I got takeout recently from the wonderful Nikki’s Place, the southern restaurant on Carter Street, and came to the conclusion that Nikki either needs to decrease the portion sizes or get sturdier takeout containers.
I vote for the latter.
I ordered three meals for curbside pickup because I couldn’t decide on just two. I pulled up to the restaurant and before I could put the car in park someone, properly masked, was coming out the front door with my food in a plastic sack. She placed it in my trunk and I was on my way.
But when I got home, I discovered that the weight of the two dinners on top had crushed the foam clamshell container on the bottom, such was the heft of the food inside. A little gravy had spilled out from the crushed box, but most of it was still intact.
And there was no detriment to the quality of the food, which is as first rate as ever.
My companion ordered the Carolina beef stew, which is usually one of my go-to dishes. It had hefty hunks of meat slow-cooked into pull-apart tenderness. Lots of carrots and potatoes –because stew – and a wonderfully thick gravy for the yellow rice underneath. Every meal comes with a choice of two sides. The two chosen here were lima beans, buttery and tender, and boiled cabbage.

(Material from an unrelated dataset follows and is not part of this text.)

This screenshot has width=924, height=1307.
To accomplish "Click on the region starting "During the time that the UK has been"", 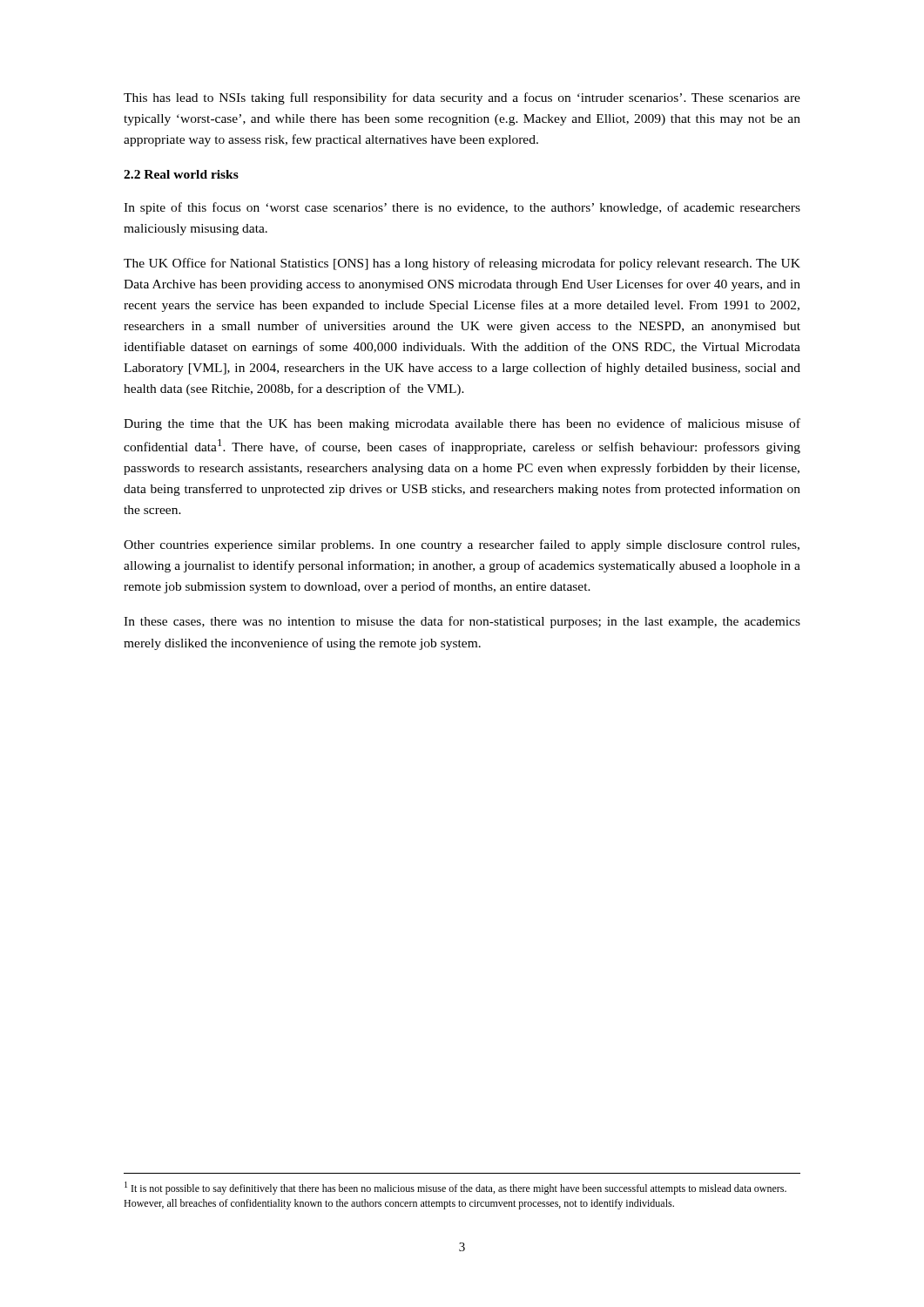I will [462, 467].

My first choice was the smothered pork chops, center-cut chops lightly floured and browned, under a thickened gravy loaded with sautéed onions, served with mashed potatoes and more gravy – what other choice could I make? – and stewed tomatoes and okra. That was in addition to the white rice that was under it all.
No wonder it was heavy enough to crack the box of the southern style oxtails, my second entree choice. The bony bits of meat were smothered in their own gravy, with carrots and potatoes blended in and another ample serving of yellow rice below. Collards and macaroni and cheese were the sides I selected to go with this one.
And each dish came with a delicate but full flavored corn muffin. It was a tremendous amount of food, and when you consider that nothing cost more than $14.99 it was a great bargain, as well.
By the way, don’t bother with the Postmates ordering form on Nikki’s Place’s website. I went all through the process, including entering my credit card information, then had the order thrown out. It was an issue with Postmates, a third-party application, and not Nikki’s. And besides, it’s much more pleasant to call the restaurant and speak to someone directly. They’re warm and welcoming and friendly.
I generally cringe when I see restaurant food referred to as homemade or home cooking. But that’s the overwhelming trait of the food from Nikki’s Place. It’s a true Orlando treasure and at 20 years old, an official Orlando Classic.
Nikki’s Place is at 742 Carter St., Orlando. It is open for breakfast, lunch and early dinner (6 p.m. on Sunday and Monday, 7 p.m. the rest of the week) Wednesday through Monday. The phone number is 407-425-5301.